So building up an intuition around this is, around exponential is really difficult. And on top of that, the pandemic is making us think about exponentials, making us realize that like we don't understand anything about it. We're not able to intuit exponentials. We're either ultra terrified, some part of the population and some part is like the opposite of whatever the different carefree and we're not managing it very well.

Blase. Blase. Well, wow. That's, is that French? I assume so. It's got an accent. So it's, it's fascinating to think what, what the limits of this exponential growth of technology, not just Moore's law, it's technology, how that rubs up against the bitter lesson and GPT-3 and self-play mechanisms. Like it's not obvious.

I used to be much more skeptical about neural networks. Now I at least give a slither of possibility that we'll be all, that we'll be very much surprised and also, you know, caught in a way that like we are not prepared for. Like in applications of social networks, for example, because it feels like really good transformer models that are able to do some kind of like very good natural language generation are the same kind of models that can be used to learn human behavior and then manipulate that human behavior to gain advertiser dollars and all those kinds of things through the capitalist system.

And they arguably already are manipulating human behavior. Yeah. So, but not for self-preservation, which I think is a big, that would be a big step. Like if they were trying to manipulate us to convince us not to shut them off, I would be very freaked out, but I don't see a path to that from where we are now.

They, they, they don't have any of those abilities. That's not what they're trying to do. They're trying to keep people on, on the site. But see, the thing is this, this is the thing about life on earth is they might be borrowing our consciousness and sentience. Like, so like in a sense they do, because the creators of the algorithms have, like they're not, you know, if you look at our body, we're not a single organism.

We're a huge number of organisms with like tiny little motivations. We're built on top of each other. In the same sense, the AI algorithms that are, they're not- - It's a system that includes human companies and corporations, right? Because corporations are funny organisms in and of themselves that really do seem to have self-preservation built in.

And I think that's at the, at the design level. I think the design to have self-preservation be a focus. So you're right in that, in that broader system that we're also a part of and can have some influence on, it's, it's, it is much more complicated, much more powerful.

Yeah, I agree with that. - So people really love it when I ask what three books, technical, philosophical, fiction had a big impact on your life. Maybe you can recommend, we went with movies. We went with Billy Joel and I forgot what you, what music you recommended, but- - I didn't, I just said I have no taste in music.

I just like pop music. - That was actually really skillful the way you have read that question. - Thank you, thanks. I was, I'm going to try to do the same with the books. - So do you have a skillful way to avoid answering the question about three books you would recommend?
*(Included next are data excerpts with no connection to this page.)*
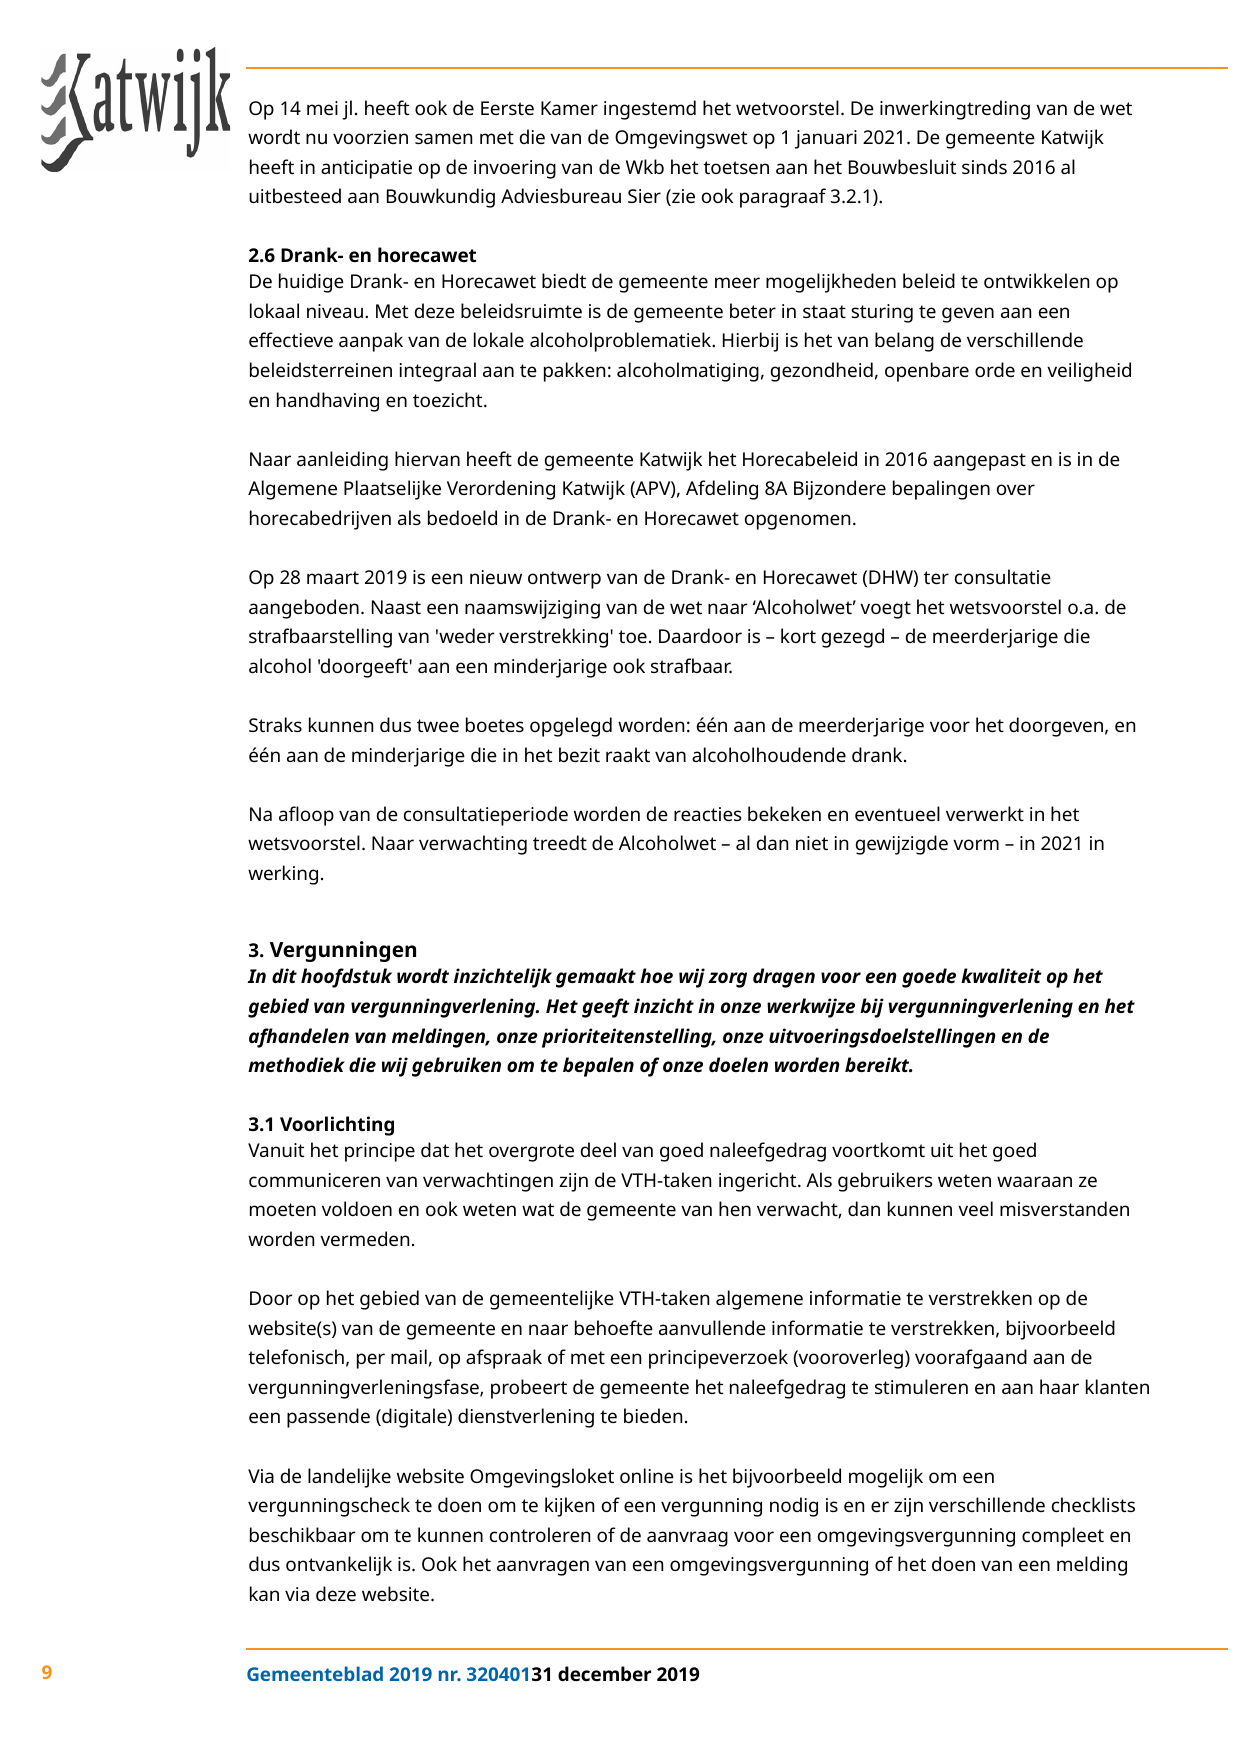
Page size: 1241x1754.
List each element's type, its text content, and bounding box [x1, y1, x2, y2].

picture [41, 47, 231, 172]
text Door op het gebied van de gemeentelijke VTH-taken algemene informatie te verstrekken op de website(s) van de gemeente en naar behoefte aanvullende informatie te verstrekken, bijvoorbeeld telefonisch, per mail, op afspraak of met een principeverzoek (vooroverleg) voorafgaand aan de vergunningverleningsfase, probeert de gemeente het naleefgedrag te stimuleren en aan haar klanten een passende (digitale) dienstverlening te bieden. [248, 1285, 1152, 1429]
text Op 14 mei jl. heeft ook de Eerste Kamer ingestemd het wetvoorstel. De inwerkingtreding van de wet wordt nu voorzien samen met die van de Omgevingswet op 1 januari 2021. De gemeente Katwijk heeft in anticipatie op de invoering van de Wkb het toetsen aan het Bouwbesluit sinds 2016 al uitbesteed aan Bouwkundig Adviesbureau Sier (zie ook paragraaf 3.2.1). [248, 95, 1152, 209]
text Op 28 maart 2019 is een nieuw ontwerp van de Drank- en Horecawet (DHW) ter consultatie aangeboden. Naast een naamswijziging van de wet naar ‘Alcoholwet’ voegt het wetsvoorstel o.a. de strafbaarstelling van 'weder verstrekking' toe. Daardoor is – kort gezegd – de meerderjarige die alcohol 'doorgeeft' aan een minderjarige ook strafbaar. [248, 564, 1152, 679]
text 3. Vergunningen [248, 935, 1152, 964]
text Via de landelijke website Omgevingsloket online is het bijvoorbeeld mogelijk om een vergunningscheck te doen om te kijken of een vergunning nodig is en er zijn verschillende checklists beschikbaar om te kunnen controleren of de aanvraag voor een omgevingsvergunning compleet en dus ontvankelijk is. Ook het aanvragen van een omgevingsvergunning of het doen van een melding kan via deze website. [248, 1463, 1152, 1607]
text In dit hoofdstuk wordt inzichtelijk gemaakt hoe wij zorg dragen voor een goede kwaliteit op het gebied van vergunningverlening. Het geeft inzicht in onze werkwijze bij vergunningverlening en het afhandelen van meldingen, onze prioriteitenstelling, onze uitvoeringsdoelstellingen en de methodiek die wij gebruiken om te bepalen of onze doelen worden bereikt. [248, 964, 1152, 1078]
text De huidige Drank- en Horecawet biedt de gemeente meer mogelijkheden beleid te ontwikkelen op lokaal niveau. Met deze beleidsruimte is de gemeente beter in staat sturing te geven aan een effectieve aanpak van de lokale alcoholproblematiek. Hierbij is het van belang de verschillende beleidsterreinen integraal aan te pakken: alcoholmatiging, gezondheid, openbare orde en veiligheid en handhaving en toezicht. [248, 268, 1152, 412]
text Naar aanleiding hiervan heeft de gemeente Katwijk het Horecabeleid in 2016 aangepast en is in de Algemene Plaatselijke Verordening Katwijk (APV), Afdeling 8A Bijzondere bepalingen over horecabedrijven als bedoeld in de Drank- en Horecawet opgenomen. [248, 446, 1152, 531]
text Na afloop van de consultatieperiode worden de reacties bekeken en eventueel verwerkt in het wetsvoorstel. Naar verwachting treedt de Alcoholwet – al dan niet in gewijzigde vorm – in 2021 in werking. [248, 801, 1152, 886]
text 3.1 Voorlichting [248, 1112, 1152, 1137]
text 2.6 Drank- en horecawet [248, 243, 1152, 268]
text Vanuit het principe dat het overgrote deel van goed naleefgedrag voortkomt uit het goed communiceren van verwachtingen zijn de VTH-taken ingericht. Als gebruikers weten waaraan ze moeten voldoen en ook weten wat de gemeente van hen verwacht, dan kunnen veel misverstanden worden vermeden. [248, 1137, 1152, 1252]
text Straks kunnen dus twee boetes opgelegd worden: één aan de meerderjarige voor het doorgeven, en één aan de minderjarige die in het bezit raakt van alcoholhoudende drank. [248, 712, 1152, 767]

- I'd like to tell you a story. So my first job out of college was at Bellcore. I mentioned that before where I worked with Dave Ackley. The head of the group was a guy named Tom Landauer. And I don't know how well known he's known now, but arguably he's the, he's the inventor and the first proselytizer of word embeddings.

So they, they developed a system shortly before I got to the group. Yeah. That, that called latent semantic analysis that would take words of English and embed them in a multi-hundred dimensional space. And then use that as a way of assessing similarity and basically doing reinforcement learning. Not, sorry, not reinforcement, information retrieval, sort of pre-Google information retrieval.

And he was trained as an anthropologist, but then became a cognitive scientist. So I was in the cognitive science research group. It's, you know, like I said, I'm a cognitive science groupie. At the time I thought I'd become a cognitive scientist, but then I realized in that group, no, I'm a computer scientist, but I'm a computer scientist who really loves to hang out with cognitive scientists.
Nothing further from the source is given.